What he ended up with was a glorious work of basketball art: 34 points on 14-of-27 shooting, with all of his buckets coming from between seven and 17 feet as Gilgeous-Alexander countered the Mavericks' rim protection by simply pulling up short of it. He added five assists, two steals, two blocks and didn’t make a turnover.
It was a moment that required a clutch performance, and Gilgeous-Alexander delivered.
“This was probably the most meaningful game I’ve played in my career,” he said.
The best part for Canadian basketball fans is that it was just one of the steely performances seen over the past few days in the Western Conference playoffs, with more promised.
On Sunday night, Jamal Murray and the Denver Nuggets proved that the reports of their demise have been greatly exaggerated as they completed a two-game sweep of the Minnesota Timberwolves on the road. Murray bounced back from his concerning start to the series – the Kitchener, Ont. star averaged just 12.5 points on 28.1 per cent shooting against a smothering Timberwolves defence as the defending champion Nuggets fell into an 0-2 hole – with a pair of signature performances in must-win games.
Murray – who averaged 21.5 points and 6.5 assists while shooting 50 per cent from the floor and 41.7 per cent from deep in the two Denver road wins – has a chance to help the Nuggets to take control of the series with a win in Game 5 in Denver on Tuesday night.
“We’re the champs. We’ve been in this position before,” Murray said in his media conference after Denver’s Game 4 win. “I never had any doubts. You’d have to ask someone else [if they did].”
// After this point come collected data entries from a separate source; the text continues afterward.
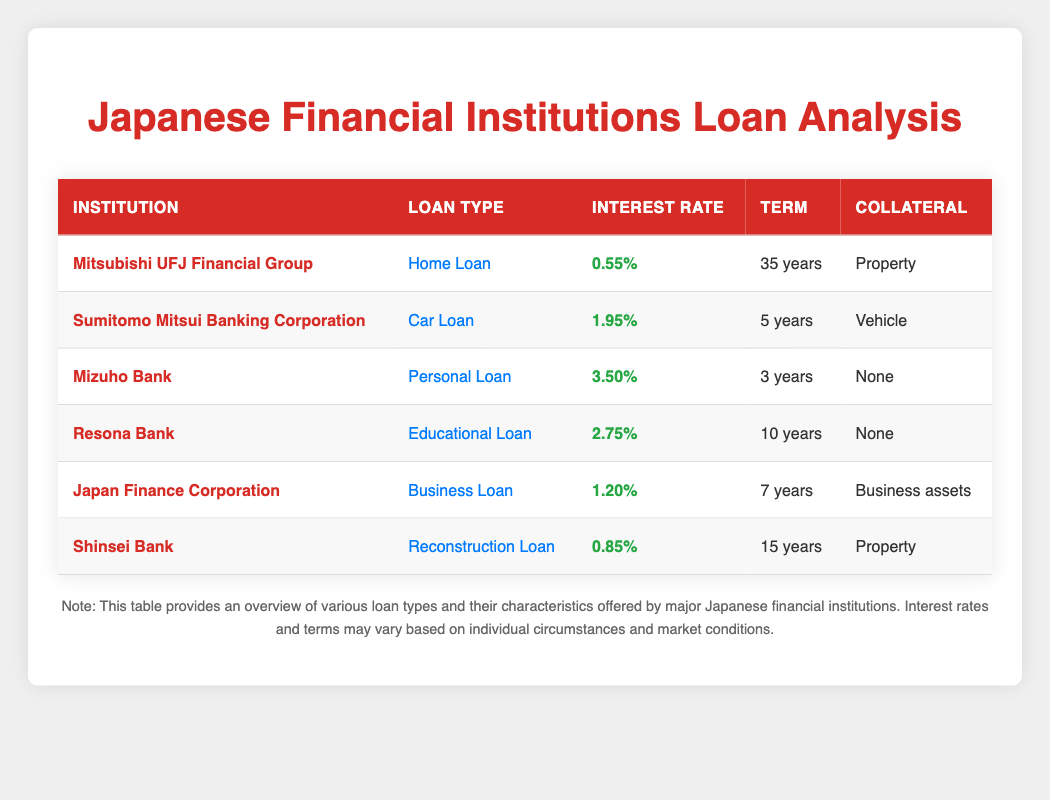What is the lowest interest rate among the loans listed? By examining the table, we can see that the lowest interest rate is 0.55%, which is offered by Mitsubishi UFJ Financial Group for their Home Loan.
Answer: 0.55% Which financial institution offers a Personal Loan? Referring to the table, Mizuho Bank is listed as offering a Personal Loan.
Answer: Mizuho Bank Is the term of the car loan longer than the term of the home loan? The term for the Car Loan from Sumitomo Mitsui Banking Corporation is 5 years, while the Home Loan from Mitsubishi UFJ Financial Group has a term of 35 years. Since 5 years is less than 35 years, the statement is false.
Answer: No What type of loan has the highest interest rate? The table shows that the Personal Loan from Mizuho Bank has the highest interest rate at 3.50%.
Answer: Personal Loan How many loans in the table offer a term of 10 years or more? Upon reviewing the table, the loans with a term of 10 years or more are the Home Loan (35 years), Educational Loan (10 years), and Reconstruction Loan (15 years). There are 3 loans that meet this criterion.
Answer: 3 Which loan requires collateral, and what type is it? By analyzing the collateral column in the table, both the Home Loan and Reconstruction Loan require collateral, specifically "Property". The Car Loan requires "Vehicle" collateral, and the Business Loan requires "Business assets". Therefore, there are several loans with required collateral.
Answer: Yes, Home Loan (Property), Reconstruction Loan (Property), Car Loan (Vehicle), Business Loan (Business assets) What is the average interest rate of the loans listed? The interest rates are 0.55%, 1.95%, 3.50%, 2.75%, 1.20%, and 0.85%. To find the average, we first convert the percentages to decimals: 0.0055, 0.0195, 0.0350, 0.0275, 0.0120, 0.0085. Next, we sum these values: 0.0055 + 0.0195 + 0.0350 + 0.0275 + 0.0120 + 0.0085 = 0.1080. Finally, dividing by 6 gives the average: 0.1080 / 6 = 0.0180, or 1.80%.
Answer: 1.80% Which institution offers loans without requiring collateral? The table shows that Mizuho Bank for Personal Loan and Resona Bank for Educational Loan do not require any collateral at all.
Answer: Mizuho Bank, Resona Bank Is there a loan for which the term is exactly 7 years? Looking at the table, only the Japan Finance Corporation offers a Business Loan with a term of 7 years.
Answer: Yes, Business Loan (Japan Finance Corporation)

That anyone had doubts was in part attributable to Minnesota’s effort to smother Murray defensively, robbing Nuggets star Nikola Jokic of his preferred playmaking partner. The Timberwolves relied on fellow Canadian Nickeil Alexander-Walker to lead that charge, with Murray taking note: “I’m going to be asking for the same defence for Team Canada, that same defence,” Murray said, which is about as definitive as the he has ever been publicly about his intention to play for Canada at the Paris Olympics this summer.
Murray’s viral moment came when he intercepted an errant inbounds pass on his own side of half-court and in one motion, stepped into a 50-foot three-point attempt that hit nothing but net before turning and posing at the broadcast table while TNT play-by-play voice Kevin Harlan narrated the shot.
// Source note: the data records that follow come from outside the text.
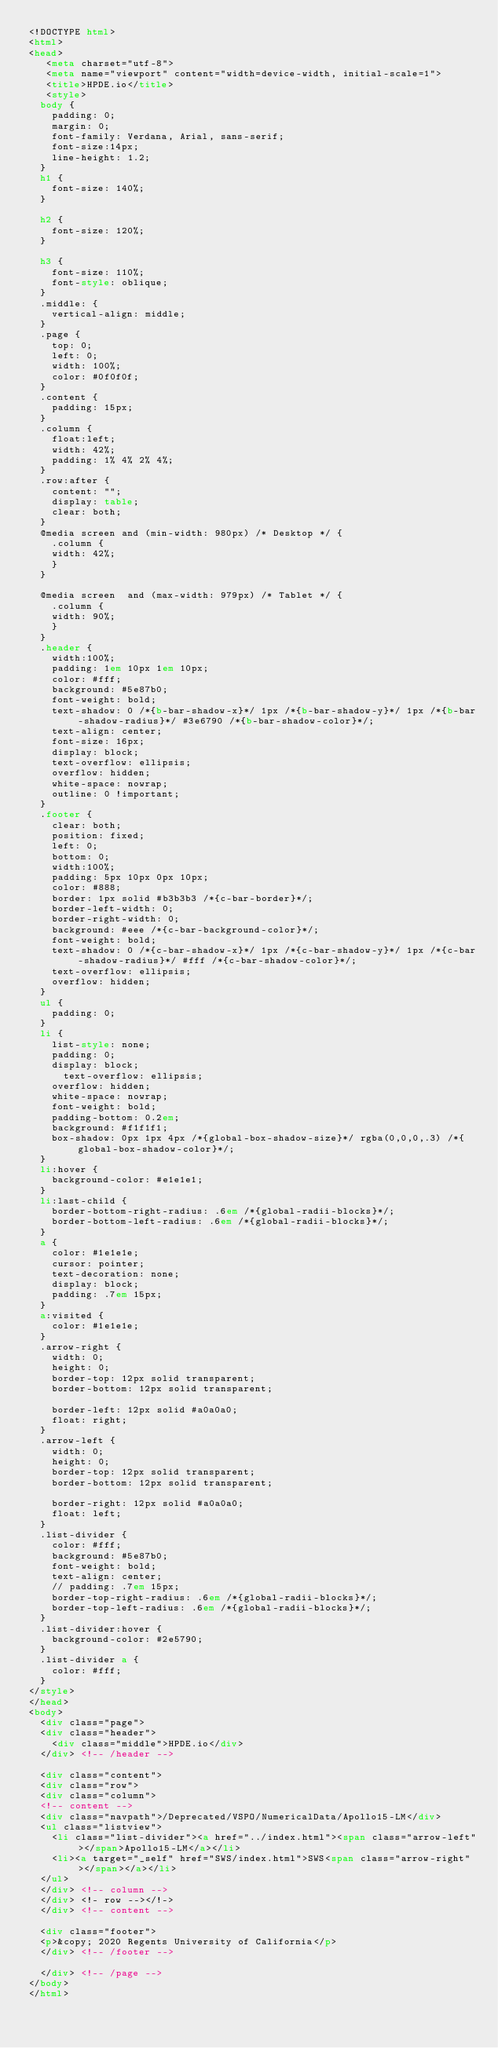Convert code to text. <code><loc_0><loc_0><loc_500><loc_500><_HTML_><!DOCTYPE html>
<html>
<head>
   <meta charset="utf-8">
   <meta name="viewport" content="width=device-width, initial-scale=1">
   <title>HPDE.io</title>
   <style>
	body {
		padding: 0;
		margin: 0;
		font-family: Verdana, Arial, sans-serif; 
		font-size:14px; 
		line-height: 1.2;
	}
	h1 {
		font-size: 140%;
	}

	h2 {
		font-size: 120%;
	}

	h3 {
		font-size: 110%;
		font-style: oblique;
	}
	.middle: {
		vertical-align: middle;
	}
	.page {
		top: 0;
		left: 0;
		width: 100%;
		color: #0f0f0f;
	}
	.content {
		padding: 15px;
	}
	.column {
		float:left;
		width: 42%;
		padding: 1% 4% 2% 4%;
	}
	.row:after {
		content: "";
		display: table;
		clear: both;
	}	
	@media screen and (min-width: 980px) /* Desktop */ {
	  .column {
		width: 42%;
	  }
	}

	@media screen  and (max-width: 979px) /* Tablet */ {
	  .column {
		width: 90%;
	  }
	}
	.header {
		width:100%;
		padding: 1em 10px 1em 10px;
		color: #fff;
		background: #5e87b0;
		font-weight: bold;
		text-shadow: 0 /*{b-bar-shadow-x}*/ 1px /*{b-bar-shadow-y}*/ 1px /*{b-bar-shadow-radius}*/ #3e6790 /*{b-bar-shadow-color}*/;
		text-align: center;
		font-size: 16px;
		display: block;
		text-overflow: ellipsis;
		overflow: hidden;
		white-space: nowrap;
		outline: 0 !important;
	}
	.footer {
		clear: both;
		position: fixed;
		left: 0;
		bottom: 0;
		width:100%;
		padding: 5px 10px 0px 10px;
		color: #888;
		border: 1px solid #b3b3b3 /*{c-bar-border}*/;
		border-left-width: 0;
		border-right-width: 0;
		background: #eee /*{c-bar-background-color}*/;
		font-weight: bold;
		text-shadow: 0 /*{c-bar-shadow-x}*/ 1px /*{c-bar-shadow-y}*/ 1px /*{c-bar-shadow-radius}*/ #fff /*{c-bar-shadow-color}*/;
		text-overflow: ellipsis;
		overflow: hidden;
	}
	ul {
		padding: 0;
	}
	li {
		list-style: none;
		padding: 0;
		display: block;
	    text-overflow: ellipsis;
		overflow: hidden;
		white-space: nowrap;
		font-weight: bold;
		padding-bottom: 0.2em;
		background: #f1f1f1;
		box-shadow: 0px 1px 4px /*{global-box-shadow-size}*/ rgba(0,0,0,.3) /*{global-box-shadow-color}*/;
	}
	li:hover {
		background-color: #e1e1e1;
	}
	li:last-child {
		border-bottom-right-radius: .6em /*{global-radii-blocks}*/;
		border-bottom-left-radius: .6em /*{global-radii-blocks}*/;
	}
	a {
		color: #1e1e1e;
		cursor: pointer;
		text-decoration: none;
		display: block;
		padding: .7em 15px;
	}
	a:visited {
		color: #1e1e1e;
	}
	.arrow-right {
	  width: 0; 
	  height: 0; 
	  border-top: 12px solid transparent;
	  border-bottom: 12px solid transparent;
	  
	  border-left: 12px solid #a0a0a0;
	  float: right;
	}
	.arrow-left {
	  width: 0; 
	  height: 0; 
	  border-top: 12px solid transparent;
	  border-bottom: 12px solid transparent;
	  
	  border-right: 12px solid #a0a0a0;
	  float: left;
	}
	.list-divider {
		color: #fff;
		background: #5e87b0;
		font-weight: bold;
		text-align: center;
		// padding: .7em 15px;
		border-top-right-radius: .6em /*{global-radii-blocks}*/;
		border-top-left-radius: .6em /*{global-radii-blocks}*/;
	}
	.list-divider:hover {
		background-color: #2e5790;
	}
	.list-divider a {
		color: #fff;
	}
</style>
</head>
<body>
	<div class="page">
	<div class="header">
		<div class="middle">HPDE.io</div>
	</div> <!-- /header -->
	
	<div class="content">
	<div class="row">
	<div class="column">
	<!-- content -->
	<div class="navpath">/Deprecated/VSPO/NumericalData/Apollo15-LM</div>
	<ul class="listview">
		<li class="list-divider"><a href="../index.html"><span class="arrow-left"></span>Apollo15-LM</a></li>
		<li><a target="_self" href="SWS/index.html">SWS<span class="arrow-right"></span></a></li>
	</ul>
	</div> <!-- column -->
	</div> <!- row --></!->
	</div> <!-- content -->
	
	<div class="footer">
	<p>&copy; 2020 Regents University of California</p>
	</div> <!-- /footer -->
	
	</div> <!-- /page -->
</body>
</html></code>

It was part of an eight-point Nuggets flurry in the final 19 seconds of the second quarter that put Denver up by 15 heading into halftime. Murray went on to score 12 of his 19 points in the third quarter, all crucial as Denver had to weather a determined Minnesota comeback attempt in the second half that fell just short.
“It was nothing crazy,” Murray insisted of his iconic heave. “I just caught, shot it and it felt good from the moment in left my hand.”
Between Gilgeous-Alexander and Murray, Canadian basketball fans have plenty to feel good about as the NBA Playoffs unfold and the Olympics await.